## HMC sampling in Bayesian empirical likelihood computation

Posted in Statistics with tags , , , , , , , on March 31, 2017 by xi'an

While working on the Series B’log the other day I noticed this paper by Chauduri et al. on Hamiltonian Monte Carlo and empirical likelihood: how exciting!!! Here is the abstract of the paper:

We consider Bayesian empirical likelihood estimation and develop an efficient Hamiltonian Monte Car lo method for sampling from the posterior distribution of the parameters of interest.The method proposed uses hitherto unknown properties of the gradient of the underlying log-empirical-likelihood function. We use results from convex analysis to show that these properties hold under minimal assumptions on the parameter space, prior density and the functions used in the estimating equations determining the empirical likelihood. Our method employs a finite number of estimating equations and observations but produces valid semi-parametric inference for a large class of statistical models including mixed effects models, generalized linear models and hierarchical Bayes models. We overcome major challenges posed by complex, non-convex boundaries of the support routinely observed for empirical likelihood which prevent efficient implementation of traditional Markov chain Monte Car lo methods like random-walk Metropolis–Hastings sampling etc. with or without parallel tempering. A simulation study confirms that our method converges quickly and draws samples from the posterior support efficiently. We further illustrate its utility through an analysis of a discrete data set in small area estimation.

[The comment is reposted from Series B’log, where I wrote it first.]
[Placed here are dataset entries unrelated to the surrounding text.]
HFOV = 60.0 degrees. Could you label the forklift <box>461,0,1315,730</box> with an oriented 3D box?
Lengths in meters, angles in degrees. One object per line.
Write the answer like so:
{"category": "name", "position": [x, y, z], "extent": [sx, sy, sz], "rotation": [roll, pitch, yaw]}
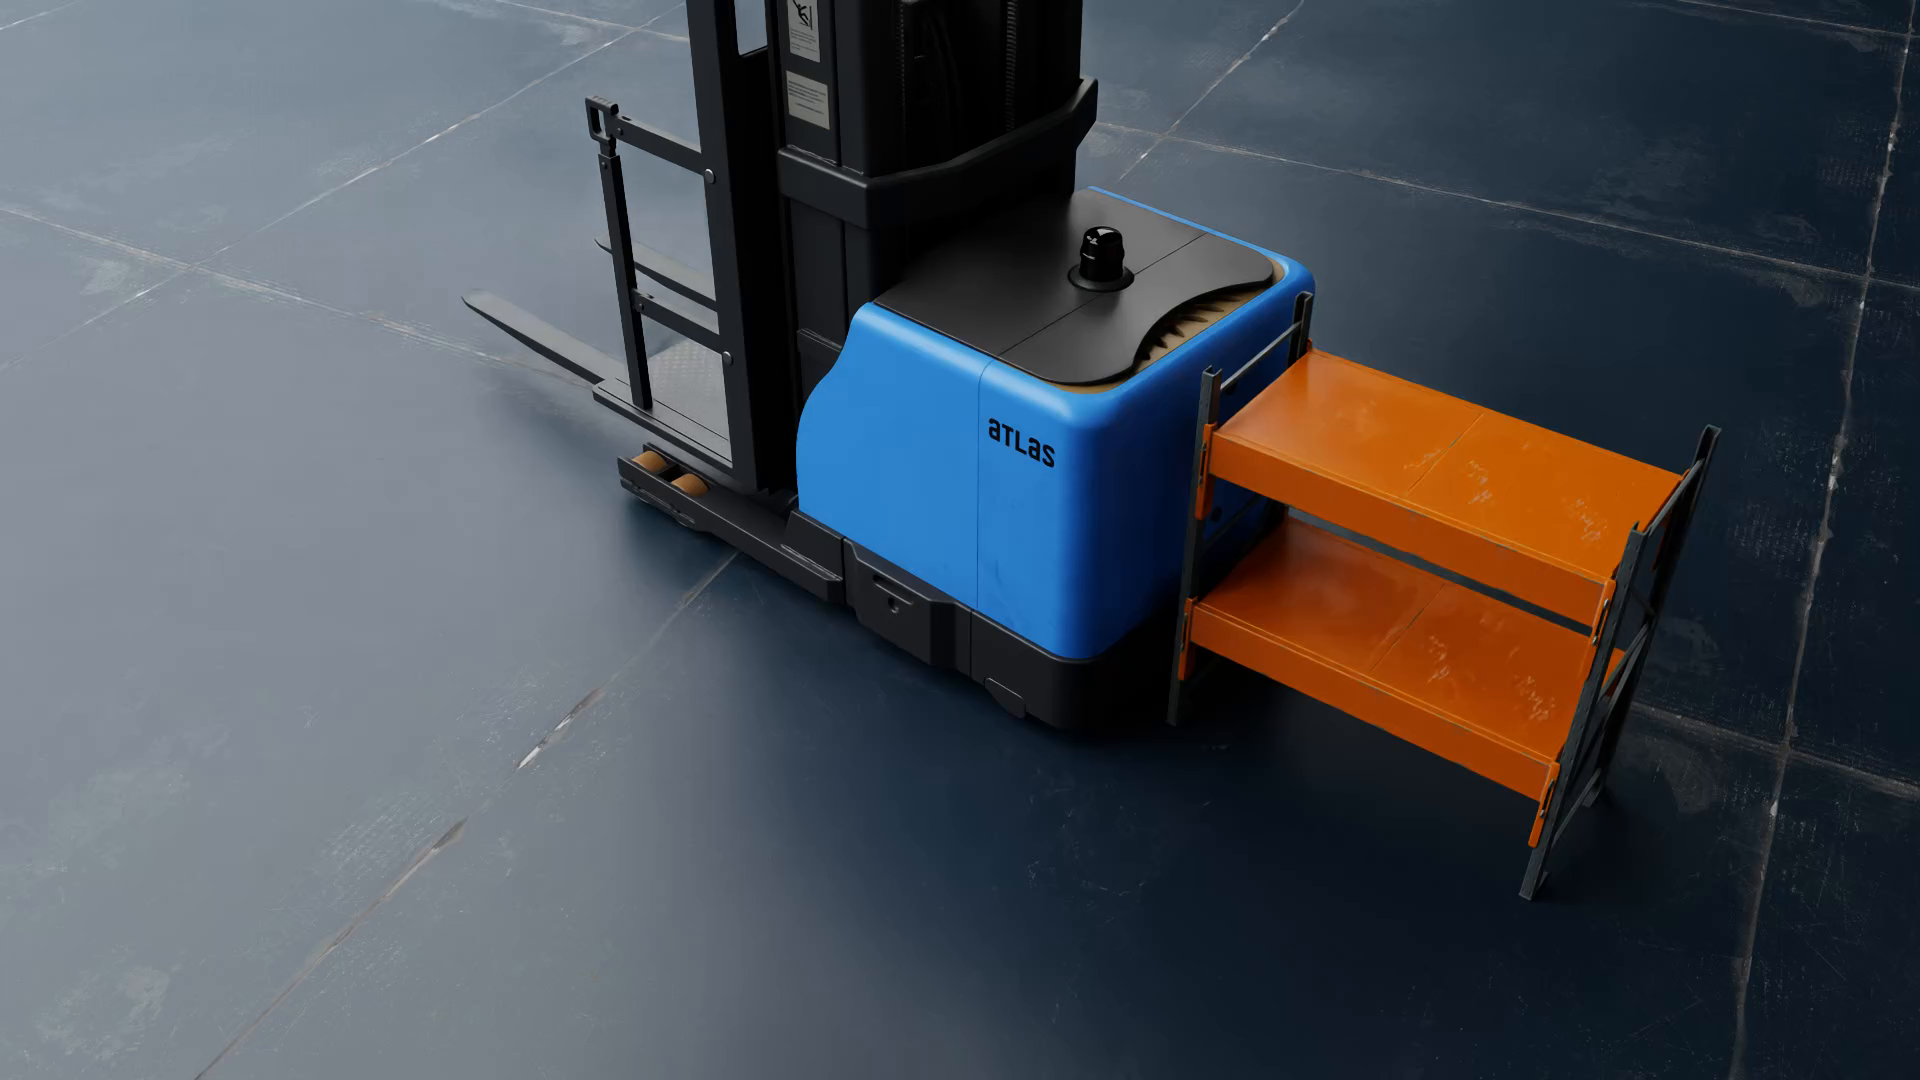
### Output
{"category": "forklift", "position": [-0.466, -1.420, 4.696], "extent": [3.031, 2.935, 1.130], "rotation": [28, 46, 32]}

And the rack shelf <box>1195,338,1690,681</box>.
{"category": "rack shelf", "position": [1.136, -0.106, 3.976], "extent": [1.000, 0.278, 0.538], "rotation": [25, 44, 29]}

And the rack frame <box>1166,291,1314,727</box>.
{"category": "rack frame", "position": [0.733, -0.060, 4.399], "extent": [0.032, 1.125, 0.500], "rotation": [25, 44, 29]}

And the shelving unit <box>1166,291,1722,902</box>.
{"category": "shelving unit", "position": [1.136, 0.127, 4.152], "extent": [1.048, 1.125, 0.538], "rotation": [25, 44, 29]}

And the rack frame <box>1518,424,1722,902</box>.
{"category": "rack frame", "position": [1.540, 0.314, 3.906], "extent": [0.032, 1.125, 0.500], "rotation": [25, 44, 29]}

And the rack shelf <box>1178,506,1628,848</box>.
{"category": "rack shelf", "position": [1.136, 0.322, 4.300], "extent": [1.000, 0.278, 0.538], "rotation": [25, 44, 29]}

It is of particular interest for me [disclaimer: I was not involved in the review of this paper!] as we worked on ABC thru empirical likelihood, which is about the reverse of the current paper in terms of motivation: when faced with a complex model, we substitute an empirical likelihood version for the real thing, run simulations from the prior distribution and use the empirical likelihood as a proxy. With possible intricacies when the data is not iid (an issue we also met with Wasserstein distances.) In this paper the authors instead consider working on an empirical likelihood as their starting point and derive an HMC algorithm to do so. The idea is striking in that, by nature, an empirical likelihood is not a very smooth object and hence does not seem open to producing gradients and Hessians. As illustrated by Figure 1 in the paper . Which is so spiky at places that one may wonder at the representativity of such graphs.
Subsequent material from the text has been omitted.